Das Get-Together bildete in diesem Sinne eine Plattform für die Austeller*innen und Besucher*innen der Tagung, sich auszutauschen, Erfahrungen zu teilen oder auch die Projekte weiterzudenken. Beispielsweise konnte spontan vor Ort für das Wasserspiel, welches von einer Masterstudierenden gebaut wurde, ein Element repariert werden oder auch zwischen Studierenden, die Anlaufstellen für Praktika und Projektarbeit suchten, Vernetzung stattfinden.
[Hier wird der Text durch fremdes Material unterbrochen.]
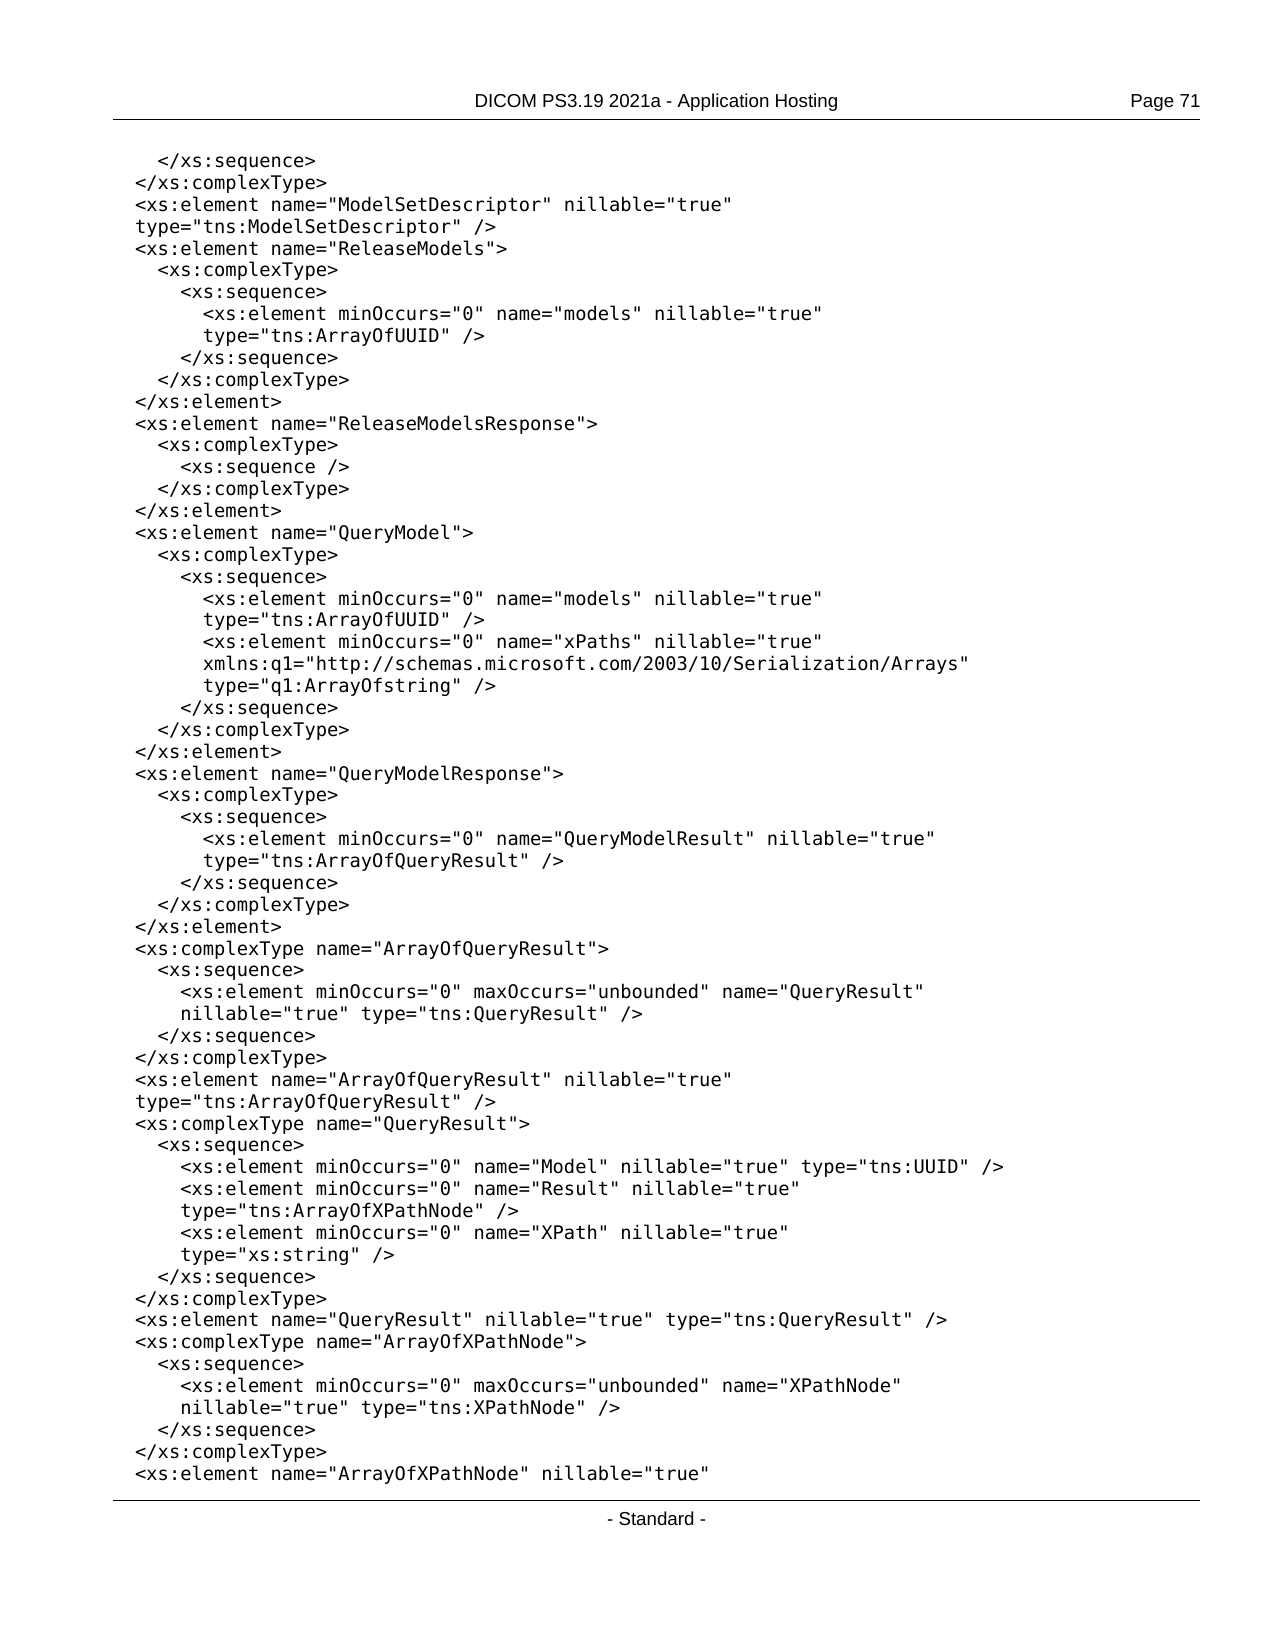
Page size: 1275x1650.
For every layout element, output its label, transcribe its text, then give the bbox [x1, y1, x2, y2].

text </xs:sequence> </xs:complexType> <xs:element name="ModelSetDescriptor" nillable="true" type="tns:ModelSetDescriptor" /> <xs:element name="ReleaseModels"> <xs:complexType> <xs:sequence> <xs:element minOccurs="0" name="models" nillable="true" type="tns:ArrayOfUUID" /> </xs:sequence> </xs:complexType> </xs:element> <xs:element name="ReleaseModelsResponse"> <xs:complexType> <xs:sequence /> </xs:complexType> </xs:element> <xs:element name="QueryModel"> <xs:complexType> <xs:sequence> <xs:element minOccurs="0" name="models" nillable="true" type="tns:ArrayOfUUID" /> <xs:element minOccurs="0" name="xPaths" nillable="true" xmlns:q1="http://schemas.microsoft.com/2003/10/Serialization/Arrays" type="q1:ArrayOfstring" /> </xs:sequence> </xs:complexType> </xs:element> <xs:element name="QueryModelResponse"> <xs:complexType> <xs:sequence> <xs:element minOccurs="0" name="QueryModelResult" nillable="true" type="tns:ArrayOfQueryResult" /> </xs:sequence> </xs:complexType> </xs:element> <xs:complexType name="ArrayOfQueryResult"> <xs:sequence> <xs:element minOccurs="0" maxOccurs="unbounded" name="QueryResult" nillable="true" type="tns:QueryResult" /> </xs:sequence> </xs:complexType> <xs:element name="ArrayOfQueryResult" nillable="true" type="tns:ArrayOfQueryResult" /> <xs:complexType name="QueryResult"> <xs:sequence> <xs:element minOccurs="0" name="Model" nillable="true" type="tns:UUID" /> <xs:element minOccurs="0" name="Result" nillable="true" type="tns:ArrayOfXPathNode" /> <xs:element minOccurs="0" name="XPath" nillable="true" type="xs:string" /> </xs:sequence> </xs:complexType> <xs:element name="QueryResult" nillable="true" type="tns:QueryResult" /> <xs:complexType name="ArrayOfXPathNode"> <xs:sequence> <xs:element minOccurs="0" maxOccurs="unbounded" name="XPathNode" nillable="true" type="tns:XPathNode" /> </xs:sequence> </xs:complexType> <xs:element name="ArrayOfXPathNode" nillable="true" [112, 150, 1200, 1484]

Ausgestellt wurden LED-Projekte wie eine Fahrradweste zum An- und Ausschalten, ein leuchtendes Tic-Tac-Toe oder Schmuck mit LEDs als Wearables, außerdem 3D-Druck Beispiele für diverse Cosplay Accessoires, VR-Welten für den Bildungs- aber auch Projektplanungskontext oder auch eine individuell programmierbare und interaktive Schaufenstergestaltung. Für die Studierenden war es spannend, Maker*innen zu treffen, die von ihren praktischen Erfahrungen berichten konnten, aber auch untereinander die Ergebnisse begutachten zu können. Für die Tagungsteilnehmenden bestand in lockerer Atmosphäre noch die Gelegenheit für Gespräche und einen entspannten Ausklang der zwei anregenden Tage zu Digitaler Kultur.